• [Source data]
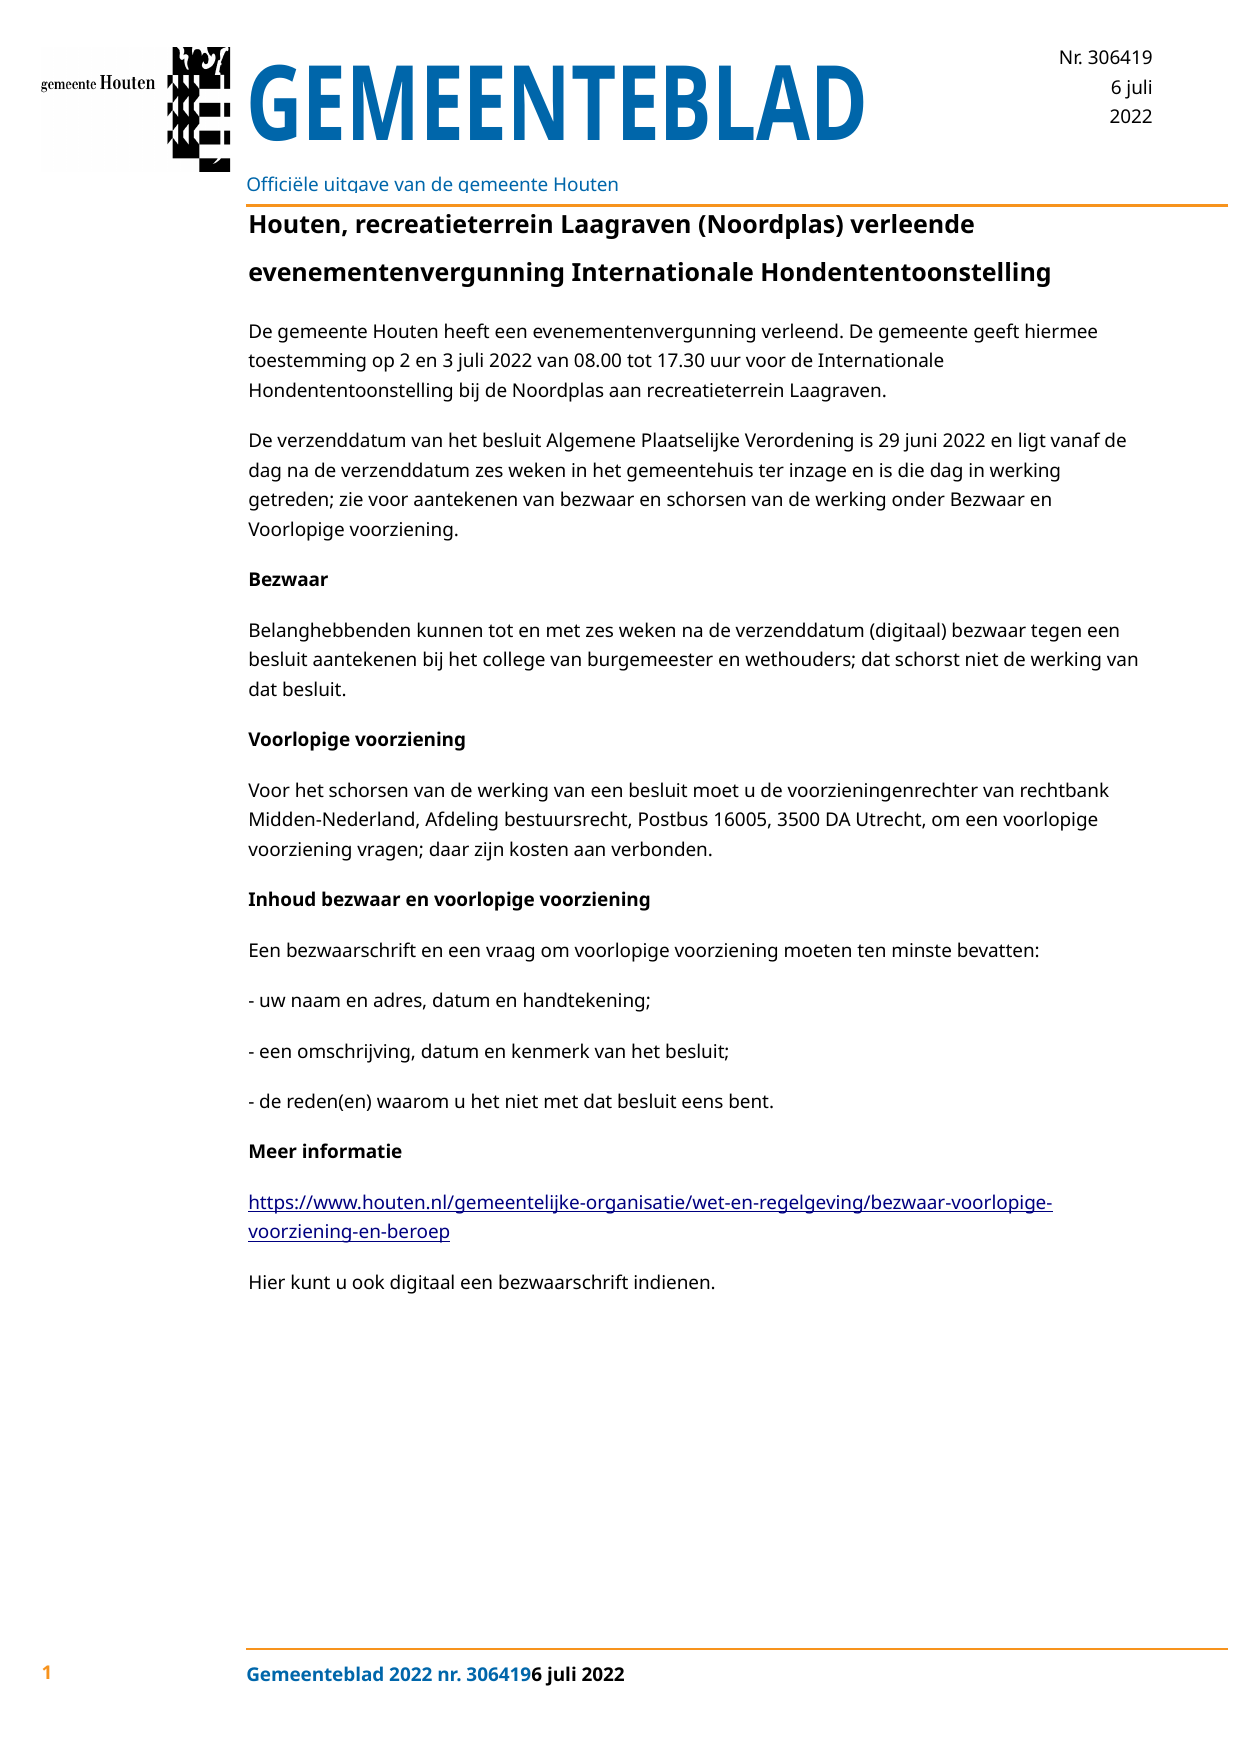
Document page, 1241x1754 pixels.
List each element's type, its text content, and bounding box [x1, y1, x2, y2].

text De verzenddatum van het besluit Algemene Plaatselijke Verordening is 29 juni 2022 en ligt vanaf de dag na de verzenddatum zes weken in het gemeentehuis ter inzage en is die dag in werking getreden; zie voor aantekenen van bezwaar en schorsen van de werking onder Bezwaar en Voorlopige voorziening. [248, 427, 1152, 542]
text Voor het schorsen van de werking van een besluit moet u de voorzieningenrechter van rechtbank Midden-Nederland, Afdeling bestuursrecht, Postbus 16005, 3500 DA Utrecht, om een voorlopige voorziening vragen; daar zijn kosten aan verbonden. [248, 777, 1152, 862]
text Inhoud bezwaar en voorlopige voorziening [248, 887, 1152, 912]
text Een bezwaarschrift en een vraag om voorlopige voorziening moeten ten minste bevatten: [248, 937, 1152, 963]
text - de reden(en) waarom u het niet met dat besluit eens bent. [248, 1088, 1152, 1114]
text https://www.houten.nl/gemeentelijke-organisatie/wet-en-regelgeving/bezwaar-voorlopige-voorziening-en-beroep [248, 1189, 1152, 1244]
text Voorlopige voorziening [248, 727, 1152, 752]
text Belanghebbenden kunnen tot en met zes weken na de verzenddatum (digitaal) bezwaar tegen een besluit aantekenen bij het college van burgemeester en wethouders; dat schorst niet de werking van dat besluit. [248, 617, 1152, 702]
text Bezwaar [248, 567, 1152, 592]
text - een omschrijving, datum en kenmerk van het besluit; [248, 1038, 1152, 1064]
picture [41, 47, 231, 172]
text Hier kunt u ook digitaal een bezwaarschrift indienen. [248, 1269, 1152, 1295]
text De gemeente Houten heeft een evenementenvergunning verleend. De gemeente geeft hiermee toestemming op 2 en 3 juli 2022 van 08.00 tot 17.30 uur voor de Internationale Hondententoonstelling bij de Noordplas aan recreatieterrein Laagraven. [248, 318, 1152, 403]
text Houten, recreatieterrein Laagraven (Noordplas) verleende evenementenvergunning Internationale Hondententoonstelling [248, 207, 1152, 288]
text Meer informatie [248, 1139, 1152, 1164]
text - uw naam en adres, datum en handtekening; [248, 987, 1152, 1013]
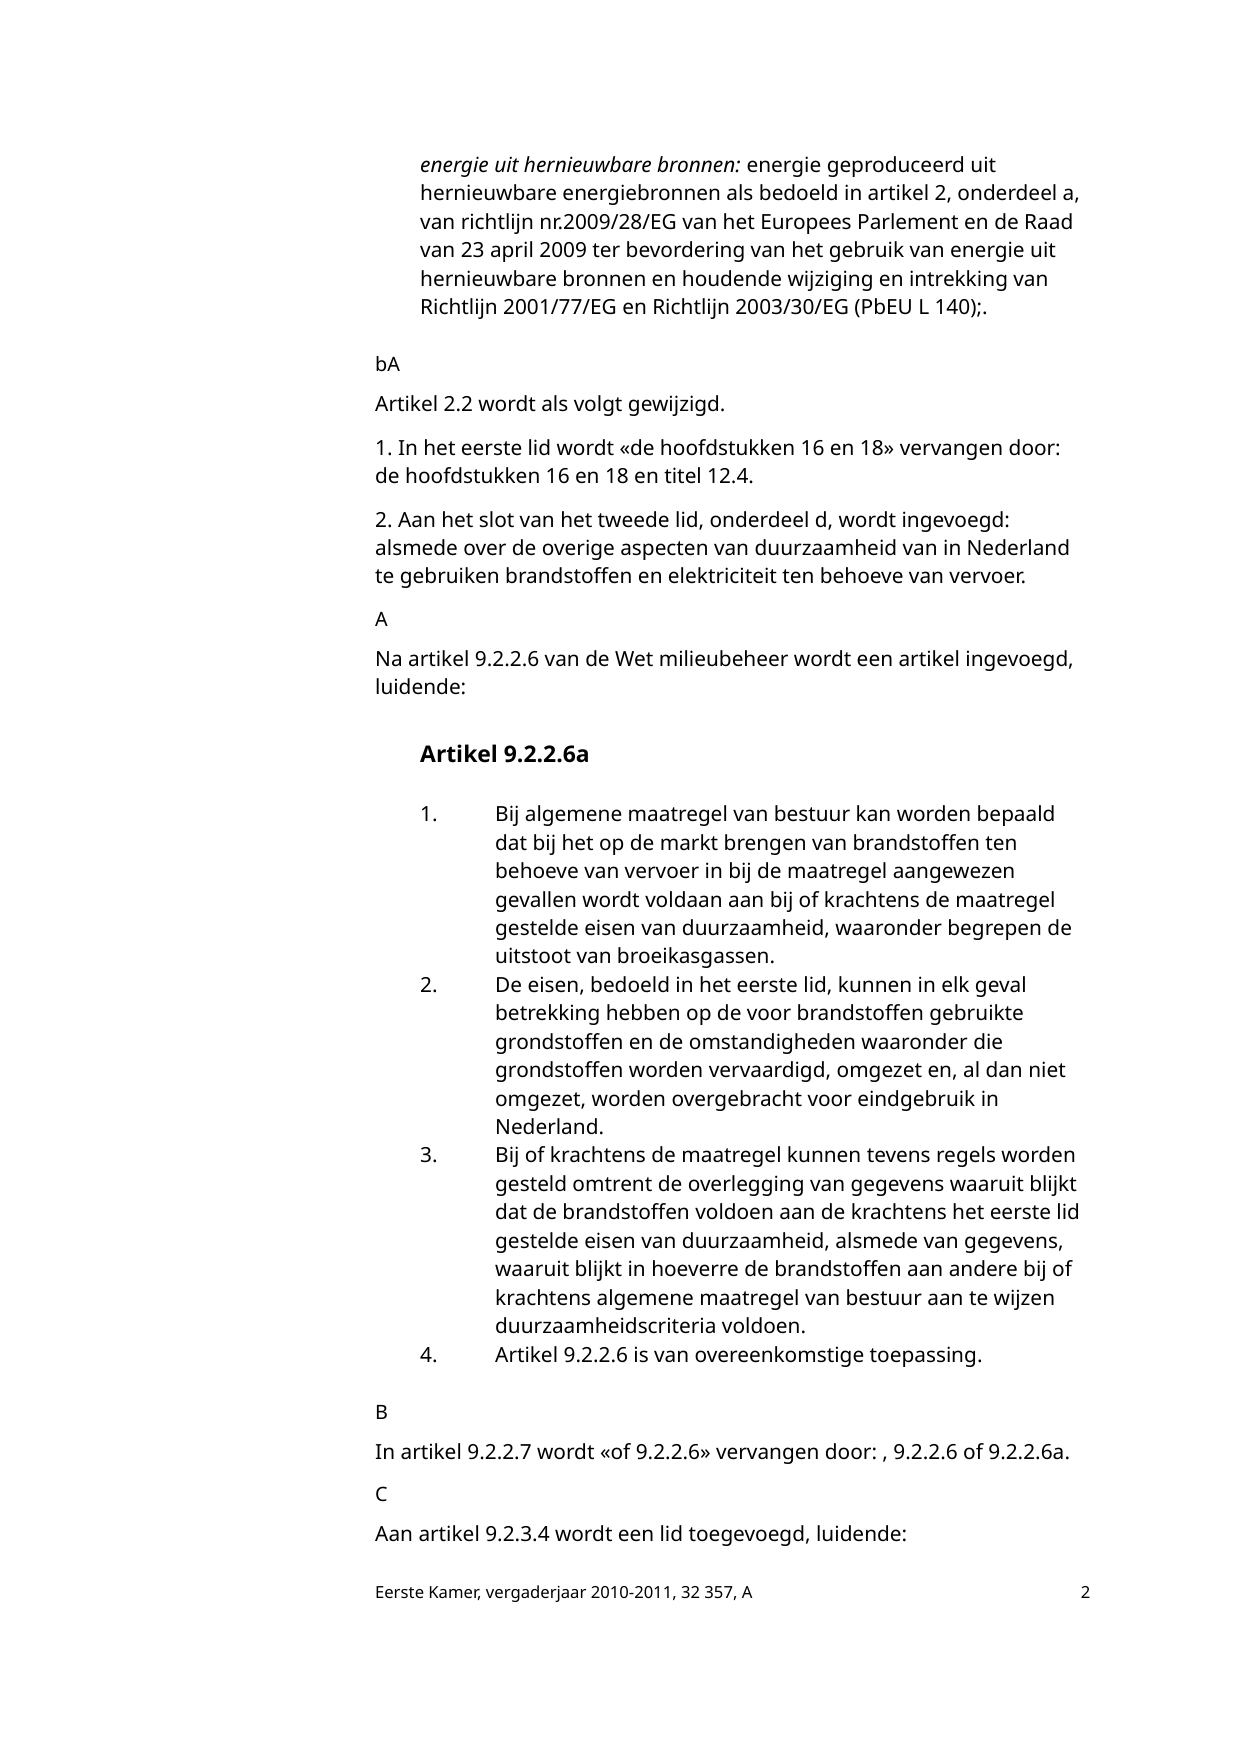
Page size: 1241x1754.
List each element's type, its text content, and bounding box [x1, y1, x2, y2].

text A [375, 605, 1090, 632]
list Bij of krachtens de maatregel kunnen tevens regels worden gesteld omtrent de overlegging van gegevens waaruit blijkt dat de brandstoffen voldoen aan de krachtens het eerste lid gestelde eisen van duurzaamheid, alsmede van gegevens, waaruit blijkt in hoeverre de brandstoffen aan andere bij of krachtens algemene maatregel van bestuur aan te wijzen duurzaamheidscriteria voldoen. [420, 1141, 1090, 1340]
text In artikel 9.2.2.7 wordt «of 9.2.2.6» vervangen door: , 9.2.2.6 of 9.2.2.6a. [375, 1437, 1090, 1465]
text Aan artikel 9.2.3.4 wordt een lid toegevoegd, luidende: [375, 1519, 1090, 1547]
list Artikel 9.2.2.6 is van overeenkomstige toepassing. [420, 1340, 1090, 1368]
text energie uit hernieuwbare bronnen: energie geproduceerd uit hernieuwbare energiebronnen als bedoeld in artikel 2, onderdeel a, van richtlijn nr.2009/28/EG van het Europees Parlement en de Raad van 23 april 2009 ter bevordering van het gebruik van energie uit hernieuwbare bronnen en houdende wijziging en intrekking van Richtlijn 2001/77/EG en Richtlijn 2003/30/EG (PbEU L 140);. [420, 150, 1090, 321]
text 2. Aan het slot van het tweede lid, onderdeel d, wordt ingevoegd: alsmede over de overige aspecten van duurzaamheid van in Nederland te gebruiken brandstoffen en elektriciteit ten behoeve van vervoer. [375, 505, 1090, 590]
text B [375, 1398, 1090, 1425]
list Bij algemene maatregel van bestuur kan worden bepaald dat bij het op de markt brengen van brandstoffen ten behoeve van vervoer in bij de maatregel aangewezen gevallen wordt voldaan aan bij of krachtens de maatregel gestelde eisen van duurzaamheid, waaronder begrepen de uitstoot van broeikasgassen. [420, 799, 1090, 970]
text bA [375, 351, 1090, 378]
text C [375, 1480, 1090, 1507]
list De eisen, bedoeld in het eerste lid, kunnen in elk geval betrekking hebben op de voor brandstoffen gebruikte grondstoffen en de omstandigheden waaronder die grondstoffen worden vervaardigd, omgezet en, al dan niet omgezet, worden overgebracht voor eindgebruik in Nederland. [420, 970, 1090, 1141]
text Artikel 2.2 wordt als volgt gewijzigd. [375, 389, 1090, 418]
text 1. In het eerste lid wordt «de hoofdstukken 16 en 18» vervangen door: de hoofdstukken 16 en 18 en titel 12.4. [375, 433, 1090, 490]
subtitle Artikel 9.2.2.6a [420, 738, 1090, 769]
text Na artikel 9.2.2.6 van de Wet milieubeheer wordt een artikel ingevoegd, luidende: [375, 644, 1090, 701]

• [What the task requires]
Your answer should consist of the lines above that hold the word "weken".

• [Answer to the exercise]
text De verzenddatum van het besluit Algemene Plaatselijke Verordening is 29 juni 2022 en ligt vanaf de dag na de verzenddatum zes weken in het gemeentehuis ter inzage en is die dag in werking getreden; zie voor aantekenen van bezwaar en schorsen van de werking onder Bezwaar en Voorlopige voorziening. [248, 427, 1152, 542]
text Belanghebbenden kunnen tot en met zes weken na de verzenddatum (digitaal) bezwaar tegen een besluit aantekenen bij het college van burgemeester en wethouders; dat schorst niet de werking van dat besluit. [248, 617, 1152, 702]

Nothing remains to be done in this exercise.